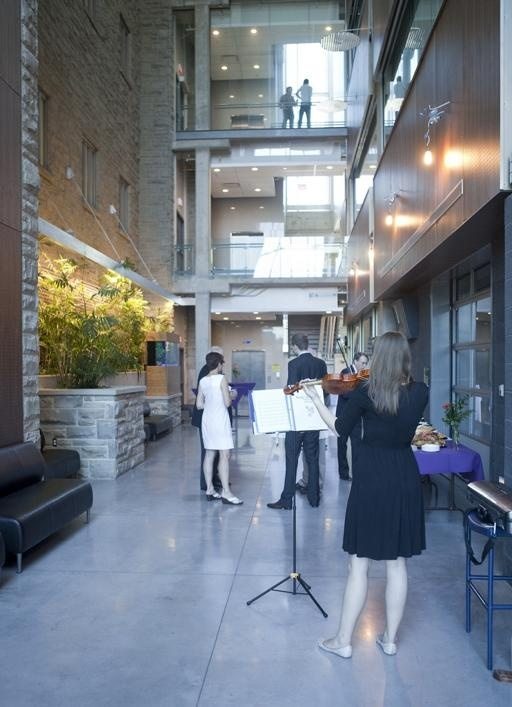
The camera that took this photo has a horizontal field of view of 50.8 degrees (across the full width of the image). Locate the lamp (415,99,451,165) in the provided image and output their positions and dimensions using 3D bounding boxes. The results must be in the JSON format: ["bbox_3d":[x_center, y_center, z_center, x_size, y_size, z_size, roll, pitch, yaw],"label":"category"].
[{"bbox_3d":[1.516,-1.937,4.591,0.158,0.411,0.074,-6,-19,24],"label":"lamp"}]

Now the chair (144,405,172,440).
[{"bbox_3d":[-1.985,1.427,10.669,0.438,0.742,0.935,0,1,2],"label":"chair"}]

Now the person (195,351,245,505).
[{"bbox_3d":[-0.383,0.742,5.451,0.448,1.518,0.600,0,-2,-6],"label":"person"}]

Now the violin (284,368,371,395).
[{"bbox_3d":[0.348,0.133,2.430,0.330,0.069,0.143,-17,-11,31],"label":"violin"}]

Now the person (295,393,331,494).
[{"bbox_3d":[0.671,1.125,6.518,0.559,1.280,0.291,-1,-4,0],"label":"person"}]

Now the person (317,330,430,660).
[{"bbox_3d":[0.479,0.601,2.232,0.435,1.369,0.371,-1,-2,14],"label":"person"}]

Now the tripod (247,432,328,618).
[{"bbox_3d":[0.271,1.102,3.180,0.487,0.840,0.467,6,-9,-43],"label":"tripod"}]

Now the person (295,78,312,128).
[{"bbox_3d":[1.484,-7.696,16.652,0.496,1.627,0.651,-1,-2,6],"label":"person"}]

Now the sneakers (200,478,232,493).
[{"bbox_3d":[-0.445,1.479,6.015,0.124,0.212,0.434,0,0,34],"label":"sneakers"}]

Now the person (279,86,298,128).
[{"bbox_3d":[0.949,-7.515,16.607,0.516,1.217,0.422,-1,-2,15],"label":"person"}]

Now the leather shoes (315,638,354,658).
[{"bbox_3d":[0.349,1.250,2.299,0.052,0.068,0.156,5,-4,-27],"label":"leather shoes"}]

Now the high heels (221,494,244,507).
[{"bbox_3d":[-0.252,1.462,5.361,0.179,0.073,0.089,0,-4,12],"label":"high heels"}]

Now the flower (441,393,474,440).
[{"bbox_3d":[1.709,0.557,4.643,0.147,0.316,0.181,-7,-9,19],"label":"flower"}]
· · ·
Work required: The answer consists of the line holding "Now the sneakers (200,478,232,493)." and every line after it up to the end of the records, word for word.

Worked solution:
Now the sneakers (200,478,232,493).
[{"bbox_3d":[-0.445,1.479,6.015,0.124,0.212,0.434,0,0,34],"label":"sneakers"}]

Now the person (279,86,298,128).
[{"bbox_3d":[0.949,-7.515,16.607,0.516,1.217,0.422,-1,-2,15],"label":"person"}]

Now the leather shoes (315,638,354,658).
[{"bbox_3d":[0.349,1.250,2.299,0.052,0.068,0.156,5,-4,-27],"label":"leather shoes"}]

Now the high heels (221,494,244,507).
[{"bbox_3d":[-0.252,1.462,5.361,0.179,0.073,0.089,0,-4,12],"label":"high heels"}]

Now the flower (441,393,474,440).
[{"bbox_3d":[1.709,0.557,4.643,0.147,0.316,0.181,-7,-9,19],"label":"flower"}]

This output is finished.